Extracted data:
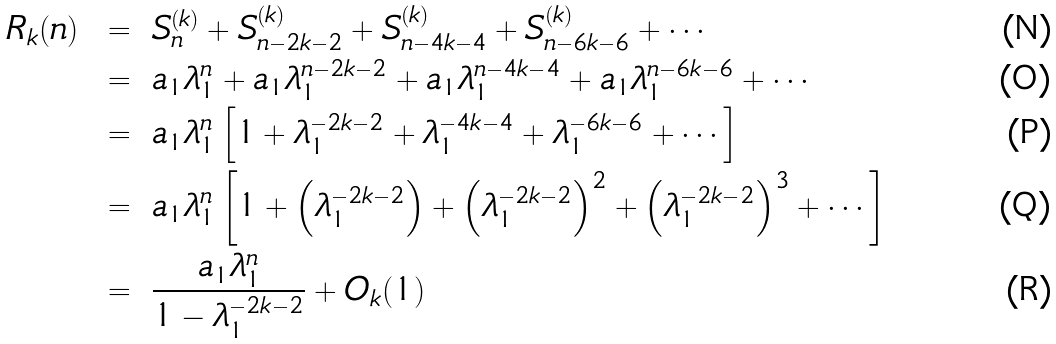<formula> <loc_0><loc_0><loc_500><loc_500>R _ { k } ( n ) \, \ = \ & \, S ^ { ( k ) } _ { n } + S ^ { ( k ) } _ { n - 2 k - 2 } + S ^ { ( k ) } _ { n - 4 k - 4 } + S ^ { ( k ) } _ { n - 6 k - 6 } + \cdots \\ \, \ = \ & \, a _ { 1 } \lambda _ { 1 } ^ { n } + a _ { 1 } \lambda _ { 1 } ^ { n - 2 k - 2 } + a _ { 1 } \lambda _ { 1 } ^ { n - 4 k - 4 } + a _ { 1 } \lambda _ { 1 } ^ { n - 6 k - 6 } + \cdots \\ \, \ = \ & \, a _ { 1 } \lambda _ { 1 } ^ { n } \left [ 1 + \lambda _ { 1 } ^ { - 2 k - 2 } + \lambda _ { 1 } ^ { - 4 k - 4 } + \lambda _ { 1 } ^ { - 6 k - 6 } + \cdots \right ] \\ \, \ = \ & \, a _ { 1 } \lambda _ { 1 } ^ { n } \left [ 1 + \left ( \lambda _ { 1 } ^ { - 2 k - 2 } \right ) + \left ( \lambda _ { 1 } ^ { - 2 k - 2 } \right ) ^ { 2 } + \left ( \lambda _ { 1 } ^ { - 2 k - 2 } \right ) ^ { 3 } + \cdots \right ] \\ \, \ = \ & \, \frac { a _ { 1 } \lambda _ { 1 } ^ { n } } { 1 - \lambda _ { 1 } ^ { - 2 k - 2 } } + O _ { k } ( 1 )</formula> 
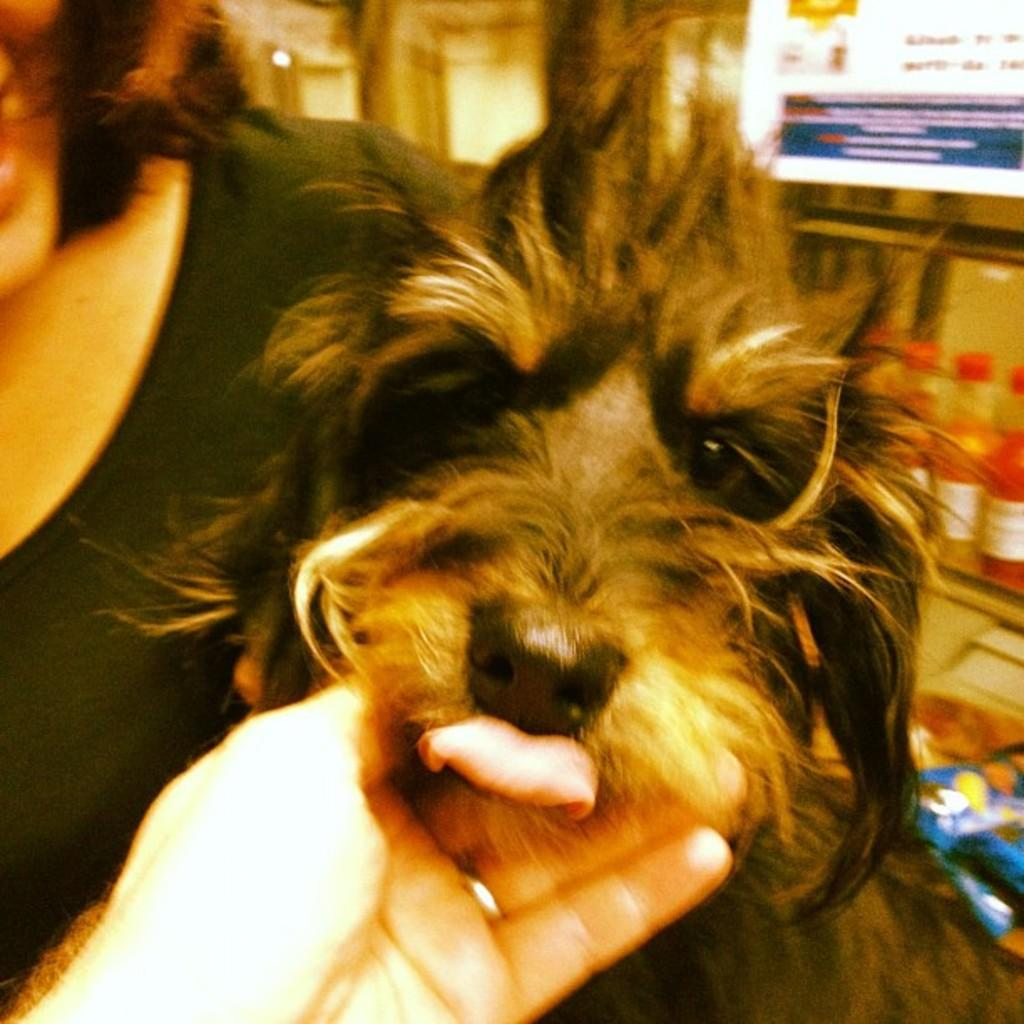Who or what is the main subject in the image? There is a person in the image. What other living creature is present in the image? There is a dog in the image. What objects can be seen in the image besides the person and the dog? There are bottles visible in the image. Can you describe the appearance of some objects in the image? There are blurred objects in the image. What part of the person's body is visible at the bottom of the image? A person's hand is present at the bottom of the image. What is the person's aunt writing on the foggy window in the image? There is no aunt or foggy window present in the image. 
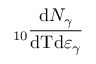<formula> <loc_0><loc_0><loc_500><loc_500>_ { 1 0 } \frac { d N _ { \gamma } } { d T d \varepsilon _ { \gamma } }</formula> 
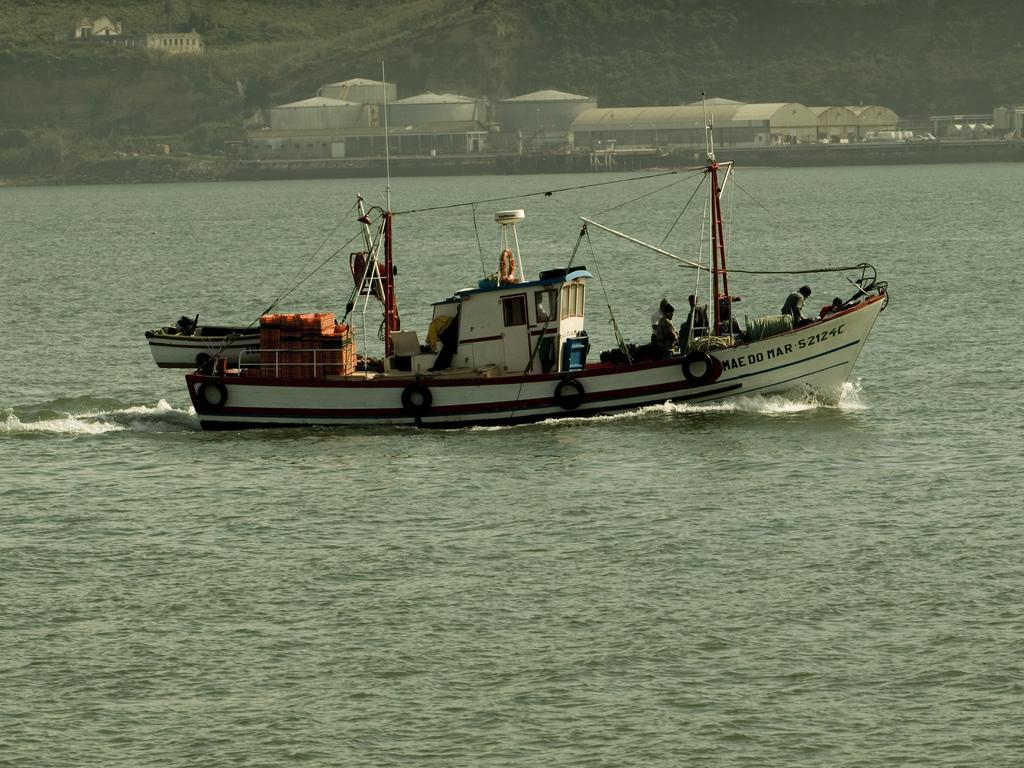What activity are the people in the image engaged in? The people in the image are sailing a boat. Are there any other boats in the image? Yes, there is another boat in the image. What is the primary element in the image? There is water in the image. What structures can be seen at the top of the image? Containers, sheds, trees, plants, and a building are present at the top of the image. How many pages are visible in the image? There are no pages present in the image. Who are the friends sailing with in the image? The facts provided do not mention any friends, only people sailing a boat. 
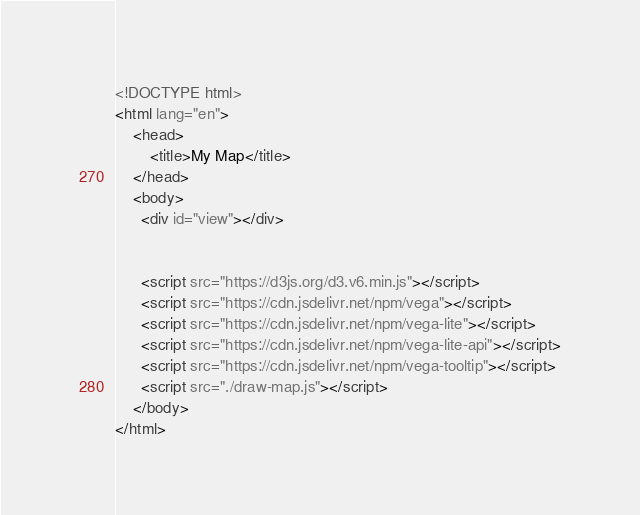Convert code to text. <code><loc_0><loc_0><loc_500><loc_500><_HTML_><!DOCTYPE html>
<html lang="en">
    <head>
        <title>My Map</title>
    </head>
    <body>
      <div id="view"></div>


      <script src="https://d3js.org/d3.v6.min.js"></script>
      <script src="https://cdn.jsdelivr.net/npm/vega"></script>
      <script src="https://cdn.jsdelivr.net/npm/vega-lite"></script>
      <script src="https://cdn.jsdelivr.net/npm/vega-lite-api"></script>
      <script src="https://cdn.jsdelivr.net/npm/vega-tooltip"></script>
      <script src="./draw-map.js"></script>
    </body>
</html>
</code> 
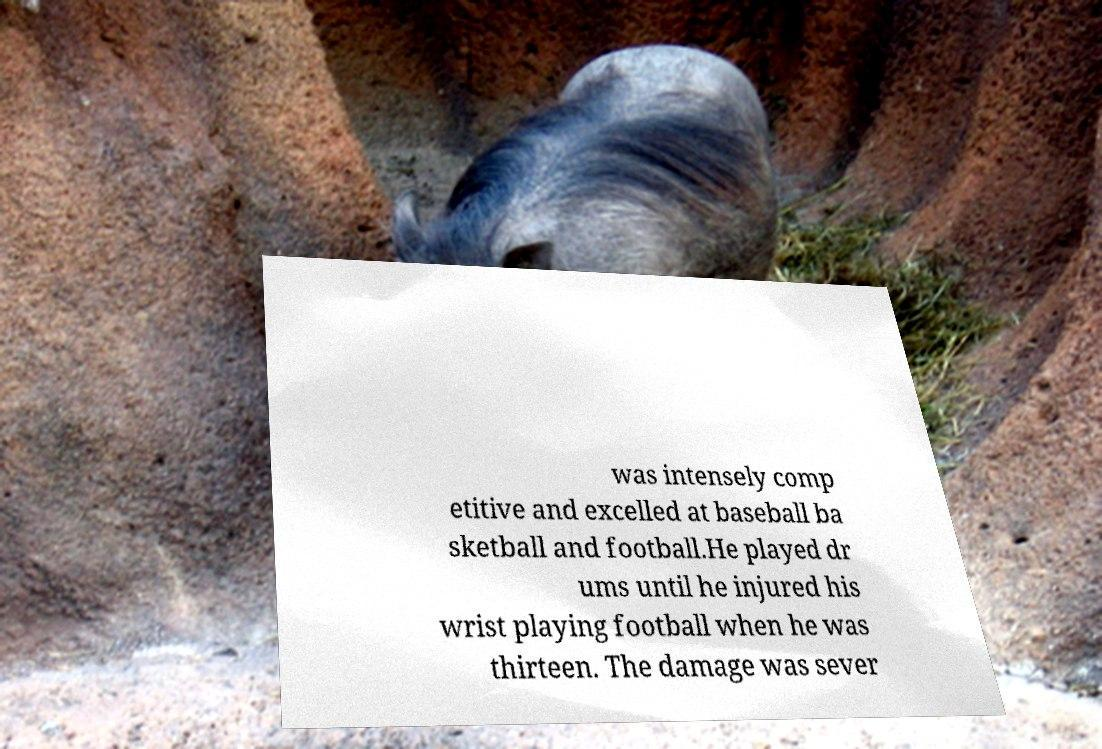Can you accurately transcribe the text from the provided image for me? was intensely comp etitive and excelled at baseball ba sketball and football.He played dr ums until he injured his wrist playing football when he was thirteen. The damage was sever 
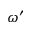<formula> <loc_0><loc_0><loc_500><loc_500>\omega ^ { \prime }</formula> 
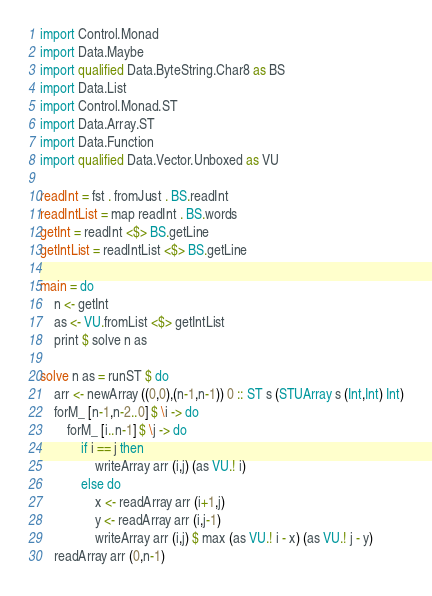Convert code to text. <code><loc_0><loc_0><loc_500><loc_500><_Haskell_>import Control.Monad
import Data.Maybe
import qualified Data.ByteString.Char8 as BS
import Data.List
import Control.Monad.ST
import Data.Array.ST
import Data.Function
import qualified Data.Vector.Unboxed as VU

readInt = fst . fromJust . BS.readInt
readIntList = map readInt . BS.words
getInt = readInt <$> BS.getLine
getIntList = readIntList <$> BS.getLine

main = do
    n <- getInt
    as <- VU.fromList <$> getIntList
    print $ solve n as

solve n as = runST $ do
    arr <- newArray ((0,0),(n-1,n-1)) 0 :: ST s (STUArray s (Int,Int) Int)
    forM_ [n-1,n-2..0] $ \i -> do
        forM_ [i..n-1] $ \j -> do
            if i == j then
                writeArray arr (i,j) (as VU.! i)
            else do
                x <- readArray arr (i+1,j)
                y <- readArray arr (i,j-1)
                writeArray arr (i,j) $ max (as VU.! i - x) (as VU.! j - y)
    readArray arr (0,n-1)</code> 
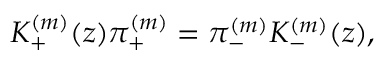<formula> <loc_0><loc_0><loc_500><loc_500>K _ { + } ^ { ( m ) } ( z ) \pi _ { + } ^ { ( m ) } = \pi _ { - } ^ { ( m ) } K _ { - } ^ { ( m ) } ( z ) ,</formula> 
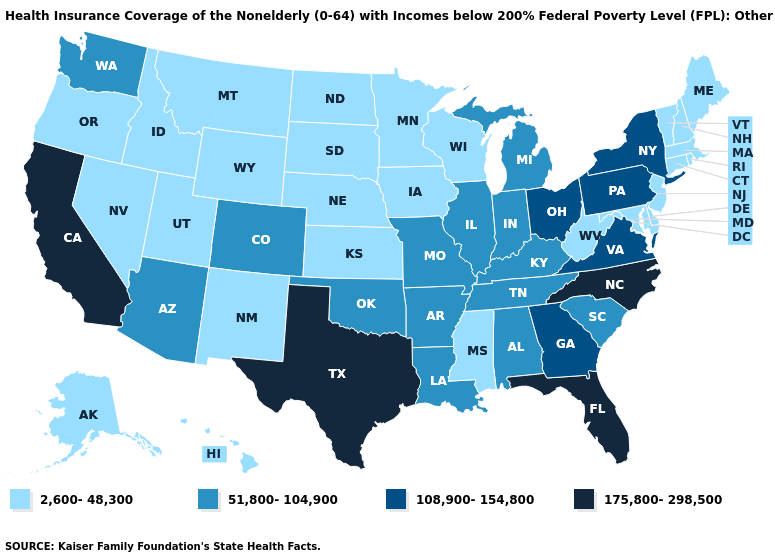Which states have the lowest value in the USA?
Answer briefly. Alaska, Connecticut, Delaware, Hawaii, Idaho, Iowa, Kansas, Maine, Maryland, Massachusetts, Minnesota, Mississippi, Montana, Nebraska, Nevada, New Hampshire, New Jersey, New Mexico, North Dakota, Oregon, Rhode Island, South Dakota, Utah, Vermont, West Virginia, Wisconsin, Wyoming. What is the value of Hawaii?
Answer briefly. 2,600-48,300. What is the highest value in states that border South Carolina?
Short answer required. 175,800-298,500. Among the states that border Virginia , which have the highest value?
Be succinct. North Carolina. Name the states that have a value in the range 51,800-104,900?
Short answer required. Alabama, Arizona, Arkansas, Colorado, Illinois, Indiana, Kentucky, Louisiana, Michigan, Missouri, Oklahoma, South Carolina, Tennessee, Washington. What is the lowest value in the USA?
Keep it brief. 2,600-48,300. Does Oklahoma have the highest value in the USA?
Write a very short answer. No. Does the map have missing data?
Be succinct. No. Does Tennessee have a higher value than Florida?
Concise answer only. No. What is the value of Tennessee?
Keep it brief. 51,800-104,900. Which states have the lowest value in the USA?
Be succinct. Alaska, Connecticut, Delaware, Hawaii, Idaho, Iowa, Kansas, Maine, Maryland, Massachusetts, Minnesota, Mississippi, Montana, Nebraska, Nevada, New Hampshire, New Jersey, New Mexico, North Dakota, Oregon, Rhode Island, South Dakota, Utah, Vermont, West Virginia, Wisconsin, Wyoming. What is the lowest value in the West?
Keep it brief. 2,600-48,300. Does the first symbol in the legend represent the smallest category?
Write a very short answer. Yes. Does Delaware have the same value as Hawaii?
Give a very brief answer. Yes. What is the value of Louisiana?
Short answer required. 51,800-104,900. 
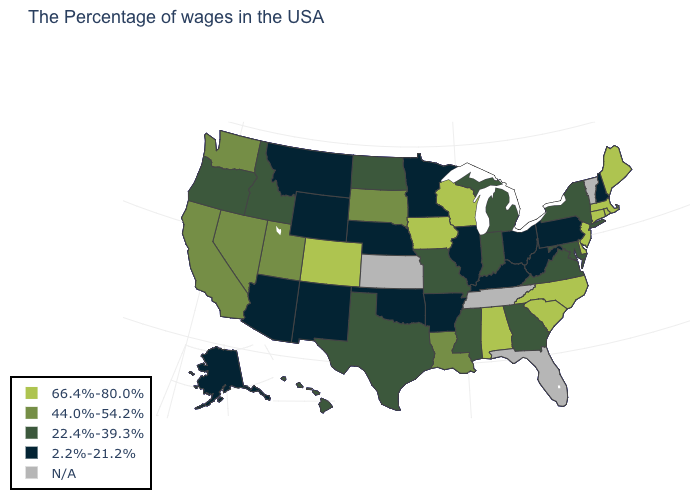What is the value of Colorado?
Quick response, please. 66.4%-80.0%. What is the highest value in states that border Nevada?
Be succinct. 44.0%-54.2%. What is the value of Massachusetts?
Keep it brief. 66.4%-80.0%. What is the value of North Dakota?
Answer briefly. 22.4%-39.3%. Does the first symbol in the legend represent the smallest category?
Write a very short answer. No. Which states have the lowest value in the USA?
Quick response, please. New Hampshire, Pennsylvania, West Virginia, Ohio, Kentucky, Illinois, Arkansas, Minnesota, Nebraska, Oklahoma, Wyoming, New Mexico, Montana, Arizona, Alaska. What is the value of Vermont?
Keep it brief. N/A. Among the states that border Wyoming , does Idaho have the lowest value?
Concise answer only. No. Name the states that have a value in the range 44.0%-54.2%?
Write a very short answer. Louisiana, South Dakota, Utah, Nevada, California, Washington. What is the value of South Dakota?
Concise answer only. 44.0%-54.2%. Name the states that have a value in the range 2.2%-21.2%?
Write a very short answer. New Hampshire, Pennsylvania, West Virginia, Ohio, Kentucky, Illinois, Arkansas, Minnesota, Nebraska, Oklahoma, Wyoming, New Mexico, Montana, Arizona, Alaska. Name the states that have a value in the range 44.0%-54.2%?
Give a very brief answer. Louisiana, South Dakota, Utah, Nevada, California, Washington. What is the value of New Mexico?
Answer briefly. 2.2%-21.2%. What is the highest value in the USA?
Short answer required. 66.4%-80.0%. 
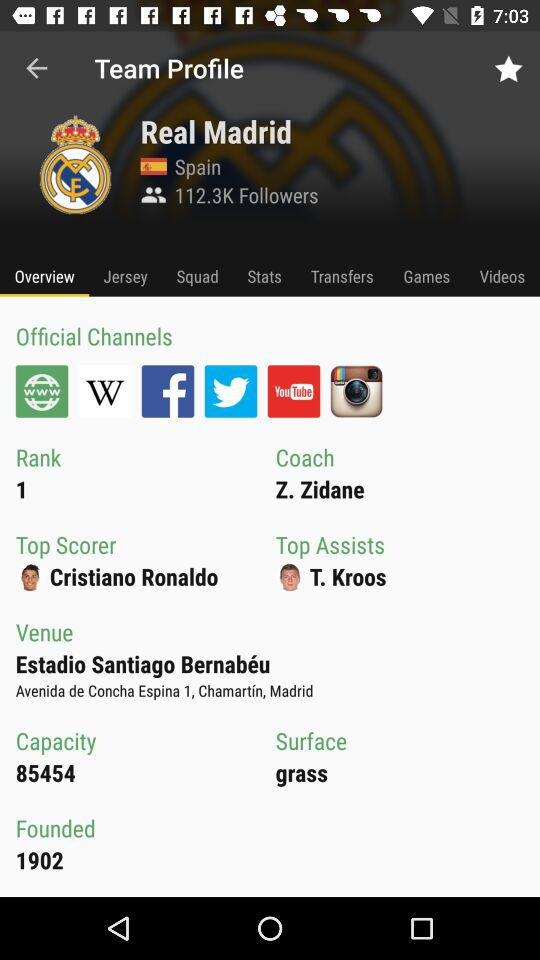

What is expected:
In the material above, one part opens with the line containing "getIntList = readIntList <$> BS.getLine" and closes with the line containing "Keep it brief. 51,800-104,900.". Write out that part exactly and skip its pictures.

Output for this task:
getIntList = readIntList <$> BS.getLine

main = do
    n <- getInt
    as <- VU.fromList <$> getIntList
    print $ solve n as

solve n as = runST $ do
    arr <- newArray ((0,0),(n-1,n-1)) 0 :: ST s (STUArray s (Int,Int) Int)
    forM_ [n-1,n-2..0] $ \i -> do
        forM_ [i..n-1] $ \j -> do
            if i == j then
                writeArray arr (i,j) (as VU.! i)
            else do
                x <- readArray arr (i+1,j)
                y <- readArray arr (i,j-1)
                writeArray arr (i,j) $ max (as VU.! i - x) (as VU.! j - y)
    readArray arr (0,n-1)</code> 
<formula> <loc_0><loc_0><loc_500><loc_500>K _ { + } ^ { ( m ) } ( z ) \pi _ { + } ^ { ( m ) } = \pi _ { - } ^ { ( m ) } K _ { - } ^ { ( m ) } ( z ) ,</formula> 
Which states have the lowest value in the USA?
Answer briefly. Alaska, Connecticut, Delaware, Hawaii, Idaho, Iowa, Kansas, Maine, Maryland, Massachusetts, Minnesota, Mississippi, Montana, Nebraska, Nevada, New Hampshire, New Jersey, New Mexico, North Dakota, Oregon, Rhode Island, South Dakota, Utah, Vermont, West Virginia, Wisconsin, Wyoming. What is the value of Hawaii?
Answer briefly. 2,600-48,300. What is the highest value in states that border South Carolina?
Short answer required. 175,800-298,500. Among the states that border Virginia , which have the highest value?
Be succinct. North Carolina. Name the states that have a value in the range 51,800-104,900?
Short answer required. Alabama, Arizona, Arkansas, Colorado, Illinois, Indiana, Kentucky, Louisiana, Michigan, Missouri, Oklahoma, South Carolina, Tennessee, Washington. What is the lowest value in the USA?
Keep it brief. 2,600-48,300. Does Oklahoma have the highest value in the USA?
Write a very short answer. No. Does the map have missing data?
Be succinct. No. Does Tennessee have a higher value than Florida?
Concise answer only. No. What is the value of Tennessee?
Keep it brief. 51,800-104,900. Which states have the lowest value in the USA?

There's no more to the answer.